By Stuart Leavenworth -- Sacramento Bee Staff Writer

December 22, 2003

BOONVILLE -- The blue-collar diners and hippy hangouts of this Mendocino County town have been buzzing for days about a beguiling rumor. According to the buzz, an East Coast conservation outfit was preparing to buy nearly 24,000 acres of neighboring timberland for $18 million. But instead of setting aside the redwoods as a preserve, the group hopes to turn it into a showcase of environmental forestry -- selectively harvesting some trees with the goal of restoring an old-growth forest.

It was not just gossip. On Dec. 11, the California Coastal Conservancy awarded $10 million to the Virginia-based Conservation Fund, a land trust with twin missions of nurturing nature and local economies. With the money, the nonprofit group has nearly enough to purchase 40 percent of the watershed of the Garcia River -- one of the largest conservation deals ever on the North Coast.

Although nonprofit groups have helped protect millions of acres statewide, this will mark the first time a land trust has attempted to manage a working timberland in California, according to the Conservation Fund, whose leaders are excited and nervous about the project.

"Undoubtedly there will be some who will find fault with this approach," said Chris Kelly, the fund's California director who worries about the North Coast's history of timber clashes.

"But it is easy for environmental groups to stand on the sidelines and criticize forestry," he added. "It is another thing entirely to be in there, doing it on the ground."

Three times larger than the Headwaters Forest, which the government purchased in 1996 for $380 million, the Garcia River tract is a rugged expanse of young firs and redwoods that surround one of the region's most important salmon streams.

Despite decades of intensive logging, coho salmon and steelhead trout still spawn in the river and its tumbling tributaries. More than 80 bird species have been sighted in the watershed, including northern spotted owls, falcons, eagles and white-tail kites.

The writer Jack London once rambled through this land, predicting that the North Coast "will one day support a population of millions."

A century later, many conservationists fear his prediction is becoming alarmingly true.

Increasingly, said Kelly, timber companies are facing tough competition abroad and regulation at home. Many are selling off large tracts to home builders and vineyard developers, a transition that could change the entire redwoods region, which stretches 300 miles from Santa Rosa to the Smith River.

In the case of the Garcia River property, a company called Coastal Forestlands owned it until 1998, then sold it to Pioneer Resources, a company that unsuccessfully tried to start a real estate investment trust. After Pioneer folded in 2000, its' creditors have slowly been trying to liquidate its assets.

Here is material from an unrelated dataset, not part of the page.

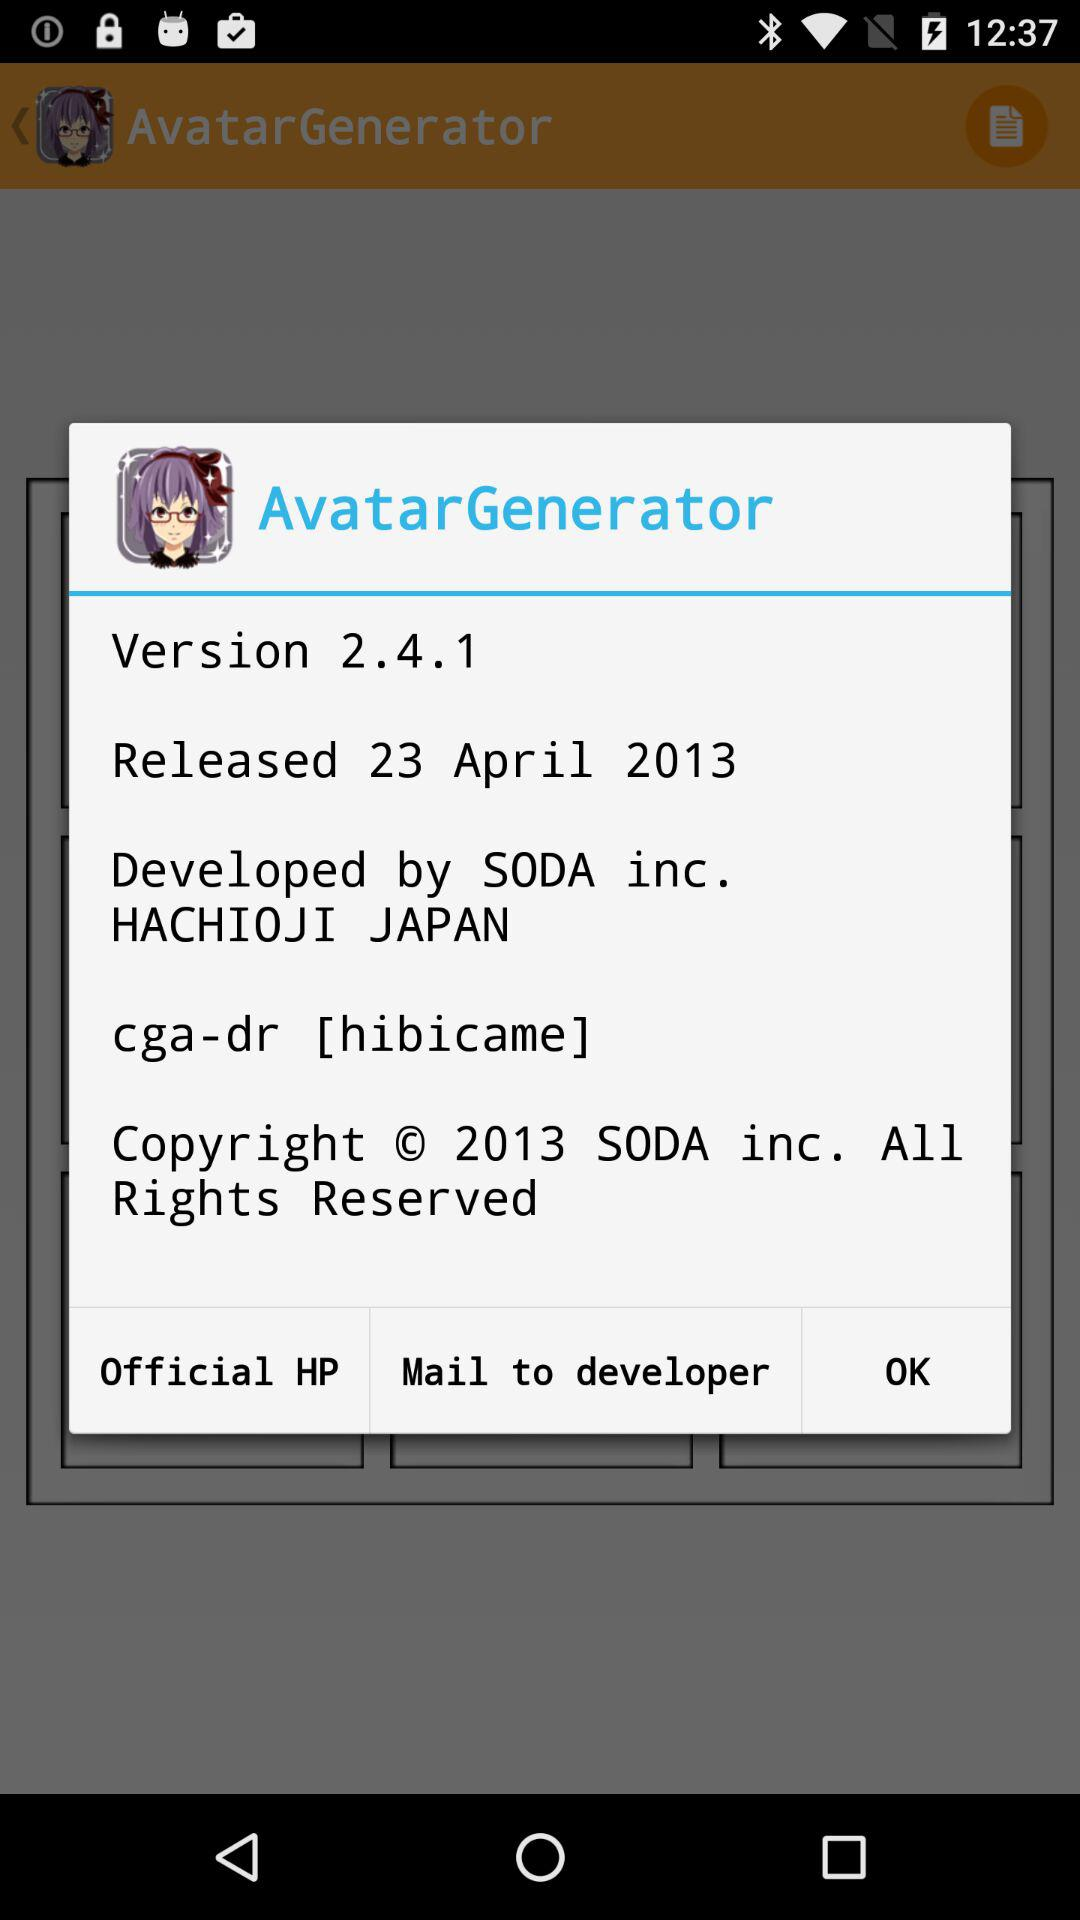What is the app name? The app name is "Avatar Maker -Profile creator-".

Larry Selzer, president of the Conservation Fund, fears that much of the North Coast could soon be sold piecemeal if land trusts don't seize opportunity.

"If we can protect this property, it creates a stopper against development, whether it be second homes or vineyards conversion," said Selzer. Nonprofits, he added, have to step up because "the state doesn't have the resources to manage large tracts of forest land."

A relative newcomer to the California land trust scene, the Conservation Fund was formed in 1985 and claims to have protected 3.5 million acres nationwide. For the last three years, the group has earned the highest rating from the Journal of Philanthropy, putting 95 percent of its funding into programs. It has a board that ranges from Nelson Rockefeller Jr. to marine conservationist Sylvia Earle.

On a crisp Thursday morning, fund director Kelly and Jim Clark, a forestry consultant, drove out of Boonville in a four-wheel-drive truck to survey the group's latest venture.

Bouncing up a curvy network of old logging roads, they passed by waterfalls cascading down hillsides and deer bounding up slopes. They ate cookies near a fork in the Garcia River, and gazed at the blue Pacific from a mountain lookout.

They also surveyed a legacy of logging and road-building on the land. During their tour, they passed by aging culverts, creaking bridges and unstable hillsides that had dumped boulders on the road.

"Jim, how much money is it going to cost to fix that?" Kelly asked during a brief moment of buyer's remorse. Another thing to consider, said Clark, is marijuana growers, who like to squat on remote timberland.

Of all the group's challenges, timber harvesting is the most daunting. In recent years, forest activists have tangled repeatedly with Pacific Lumber and other companies trying to log old trees. No one knows how activists will react to harvesting by a nonprofit organization in a younger forest.

Kelly, who previously worked for the Nature Conservancy, said the fund probably won't sell any timber for eight years or so. During that time, it hopes to work with locals on a management plan that will provide public access and restoration. He expects the plan to set aside about one-third of the 24,000 acres in permanent preserves.

Then the group will go about the sometimes arduous task of obtaining state timber harvest permits, using logging revenues to pay for upkeep of the land.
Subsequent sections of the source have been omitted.